Originally Posted by APC225 (Post 997800)
One can only hope the FAA takes note of the envelope issues you outline and make some rules governing flying in this regime.

The FAA, if it reacts at all, will likely react only to issues brought up in the official report of the accident. The envelope issues should be understood by all pilots, and be well understood by all professional pilots operating routes where fuel burn off can lead to significant weight changes as the flight progresses. We'll have to wait till the final report to see what the key findings and causal factors are, pilot error being a possibility.

That being said, a discussion of possible factors in an accident that yields a greater understanding of safe flight is always positive, even if ultimately the discussion centers around issues that are not found to be causal factors in the final report. The discussion of icing and tail stalls on this forum during the Colgan investigation being a good example.

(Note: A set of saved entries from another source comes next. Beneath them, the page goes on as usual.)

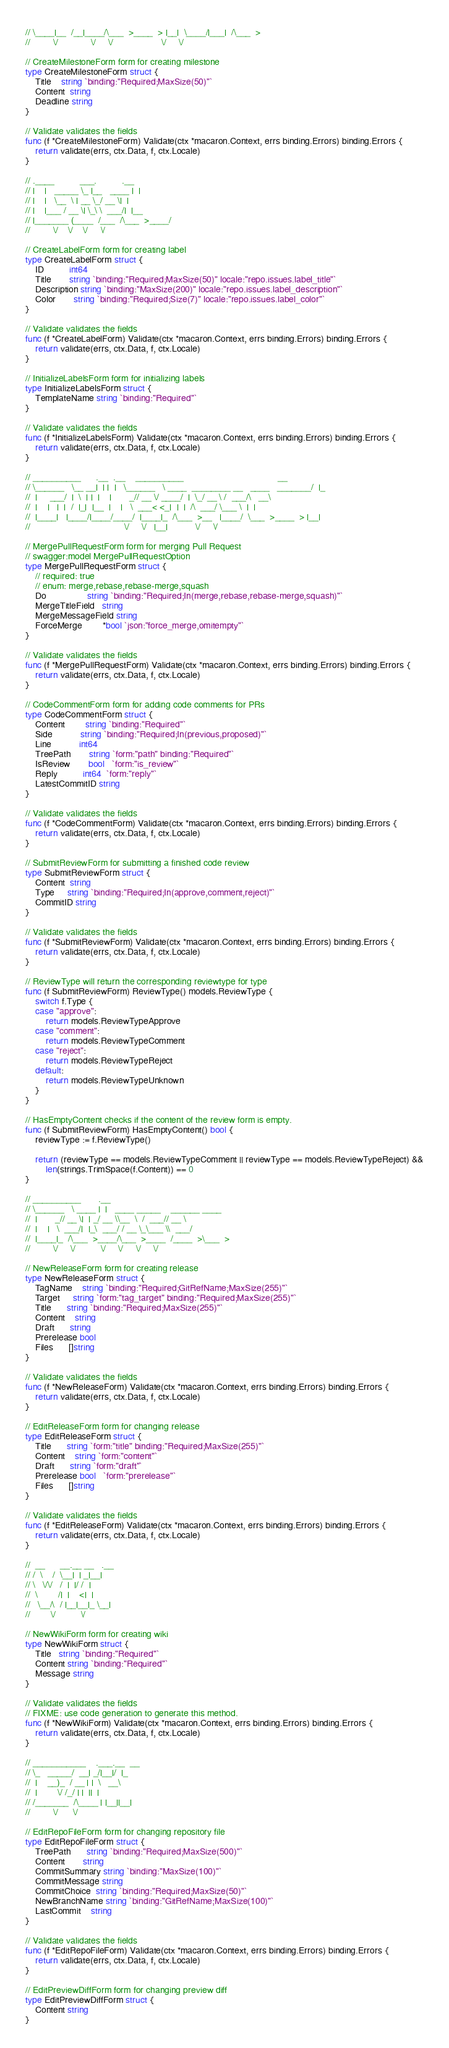<code> <loc_0><loc_0><loc_500><loc_500><_Go_>// \____|__  /__|____/\___  >____  > |__|  \____/|___|  /\___  >
//         \/             \/     \/                   \/     \/

// CreateMilestoneForm form for creating milestone
type CreateMilestoneForm struct {
	Title    string `binding:"Required;MaxSize(50)"`
	Content  string
	Deadline string
}

// Validate validates the fields
func (f *CreateMilestoneForm) Validate(ctx *macaron.Context, errs binding.Errors) binding.Errors {
	return validate(errs, ctx.Data, f, ctx.Locale)
}

// .____          ___.          .__
// |    |   _____ \_ |__   ____ |  |
// |    |   \__  \ | __ \_/ __ \|  |
// |    |___ / __ \| \_\ \  ___/|  |__
// |_______ (____  /___  /\___  >____/
//         \/    \/    \/     \/

// CreateLabelForm form for creating label
type CreateLabelForm struct {
	ID          int64
	Title       string `binding:"Required;MaxSize(50)" locale:"repo.issues.label_title"`
	Description string `binding:"MaxSize(200)" locale:"repo.issues.label_description"`
	Color       string `binding:"Required;Size(7)" locale:"repo.issues.label_color"`
}

// Validate validates the fields
func (f *CreateLabelForm) Validate(ctx *macaron.Context, errs binding.Errors) binding.Errors {
	return validate(errs, ctx.Data, f, ctx.Locale)
}

// InitializeLabelsForm form for initializing labels
type InitializeLabelsForm struct {
	TemplateName string `binding:"Required"`
}

// Validate validates the fields
func (f *InitializeLabelsForm) Validate(ctx *macaron.Context, errs binding.Errors) binding.Errors {
	return validate(errs, ctx.Data, f, ctx.Locale)
}

// __________      .__  .__    __________                                     __
// \______   \__ __|  | |  |   \______   \ ____  ________ __   ____   _______/  |_
//  |     ___/  |  \  | |  |    |       _// __ \/ ____/  |  \_/ __ \ /  ___/\   __\
//  |    |   |  |  /  |_|  |__  |    |   \  ___< <_|  |  |  /\  ___/ \___ \  |  |
//  |____|   |____/|____/____/  |____|_  /\___  >__   |____/  \___  >____  > |__|
//                                     \/     \/   |__|           \/     \/

// MergePullRequestForm form for merging Pull Request
// swagger:model MergePullRequestOption
type MergePullRequestForm struct {
	// required: true
	// enum: merge,rebase,rebase-merge,squash
	Do                string `binding:"Required;In(merge,rebase,rebase-merge,squash)"`
	MergeTitleField   string
	MergeMessageField string
	ForceMerge        *bool `json:"force_merge,omitempty"`
}

// Validate validates the fields
func (f *MergePullRequestForm) Validate(ctx *macaron.Context, errs binding.Errors) binding.Errors {
	return validate(errs, ctx.Data, f, ctx.Locale)
}

// CodeCommentForm form for adding code comments for PRs
type CodeCommentForm struct {
	Content        string `binding:"Required"`
	Side           string `binding:"Required;In(previous,proposed)"`
	Line           int64
	TreePath       string `form:"path" binding:"Required"`
	IsReview       bool   `form:"is_review"`
	Reply          int64  `form:"reply"`
	LatestCommitID string
}

// Validate validates the fields
func (f *CodeCommentForm) Validate(ctx *macaron.Context, errs binding.Errors) binding.Errors {
	return validate(errs, ctx.Data, f, ctx.Locale)
}

// SubmitReviewForm for submitting a finished code review
type SubmitReviewForm struct {
	Content  string
	Type     string `binding:"Required;In(approve,comment,reject)"`
	CommitID string
}

// Validate validates the fields
func (f *SubmitReviewForm) Validate(ctx *macaron.Context, errs binding.Errors) binding.Errors {
	return validate(errs, ctx.Data, f, ctx.Locale)
}

// ReviewType will return the corresponding reviewtype for type
func (f SubmitReviewForm) ReviewType() models.ReviewType {
	switch f.Type {
	case "approve":
		return models.ReviewTypeApprove
	case "comment":
		return models.ReviewTypeComment
	case "reject":
		return models.ReviewTypeReject
	default:
		return models.ReviewTypeUnknown
	}
}

// HasEmptyContent checks if the content of the review form is empty.
func (f SubmitReviewForm) HasEmptyContent() bool {
	reviewType := f.ReviewType()

	return (reviewType == models.ReviewTypeComment || reviewType == models.ReviewTypeReject) &&
		len(strings.TrimSpace(f.Content)) == 0
}

// __________       .__
// \______   \ ____ |  |   ____ _____    ______ ____
//  |       _// __ \|  | _/ __ \\__  \  /  ___// __ \
//  |    |   \  ___/|  |_\  ___/ / __ \_\___ \\  ___/
//  |____|_  /\___  >____/\___  >____  /____  >\___  >
//         \/     \/          \/     \/     \/     \/

// NewReleaseForm form for creating release
type NewReleaseForm struct {
	TagName    string `binding:"Required;GitRefName;MaxSize(255)"`
	Target     string `form:"tag_target" binding:"Required;MaxSize(255)"`
	Title      string `binding:"Required;MaxSize(255)"`
	Content    string
	Draft      string
	Prerelease bool
	Files      []string
}

// Validate validates the fields
func (f *NewReleaseForm) Validate(ctx *macaron.Context, errs binding.Errors) binding.Errors {
	return validate(errs, ctx.Data, f, ctx.Locale)
}

// EditReleaseForm form for changing release
type EditReleaseForm struct {
	Title      string `form:"title" binding:"Required;MaxSize(255)"`
	Content    string `form:"content"`
	Draft      string `form:"draft"`
	Prerelease bool   `form:"prerelease"`
	Files      []string
}

// Validate validates the fields
func (f *EditReleaseForm) Validate(ctx *macaron.Context, errs binding.Errors) binding.Errors {
	return validate(errs, ctx.Data, f, ctx.Locale)
}

//  __      __.__ __   .__
// /  \    /  \__|  | _|__|
// \   \/\/   /  |  |/ /  |
//  \        /|  |    <|  |
//   \__/\  / |__|__|_ \__|
//        \/          \/

// NewWikiForm form for creating wiki
type NewWikiForm struct {
	Title   string `binding:"Required"`
	Content string `binding:"Required"`
	Message string
}

// Validate validates the fields
// FIXME: use code generation to generate this method.
func (f *NewWikiForm) Validate(ctx *macaron.Context, errs binding.Errors) binding.Errors {
	return validate(errs, ctx.Data, f, ctx.Locale)
}

// ___________    .___.__  __
// \_   _____/  __| _/|__|/  |_
//  |    __)_  / __ | |  \   __\
//  |        \/ /_/ | |  ||  |
// /_______  /\____ | |__||__|
//         \/      \/

// EditRepoFileForm form for changing repository file
type EditRepoFileForm struct {
	TreePath      string `binding:"Required;MaxSize(500)"`
	Content       string
	CommitSummary string `binding:"MaxSize(100)"`
	CommitMessage string
	CommitChoice  string `binding:"Required;MaxSize(50)"`
	NewBranchName string `binding:"GitRefName;MaxSize(100)"`
	LastCommit    string
}

// Validate validates the fields
func (f *EditRepoFileForm) Validate(ctx *macaron.Context, errs binding.Errors) binding.Errors {
	return validate(errs, ctx.Data, f, ctx.Locale)
}

// EditPreviewDiffForm form for changing preview diff
type EditPreviewDiffForm struct {
	Content string
}
</code>

Flybywine 05-24-2011 10:43 AM


Originally Posted by APC225 (Post 997800)
One can only hope the FAA takes note of the envelope issues you outline and make some rules governing flying in this regime. I'm weary of guys wanting to climb to max altitude to "get over a thunderstorm" or when other A/C are reporting mountain wave. A 12 knot spread between min and max speeds is just stupid.


Yeah, just what we need, more rules from the FAA. They'll save us.

That solution worked out real well in the aftermath of the Colgan crash, didn't it. How long did it take for the new rules to get on the books?

cardiomd 05-24-2011 11:29 AM


Originally Posted by KC10 FATboy (Post 997728)
Perhaps all of this automation is leading to poor stick and rudder pilots?

How often do airbus drivers here rely on normal law protections? On retrospection even "Sully" triggered alpha prot on his way down and was significantly slower than VBG as they went through the checklists, ultimately hitting the stall speed several hundred feet up.

Indeed, this may have been intentional and he figured that approximating the minimum sink speed would be best once decided not going to try for Teterboro and he could just ride the floor... but it is nice to have the protection rather than worry about the stall, when protection lost monitoring this would be significantly more taxing and he would have had to maintain more speed. Obviously outstanding pilot and amazing outcome in that particular case.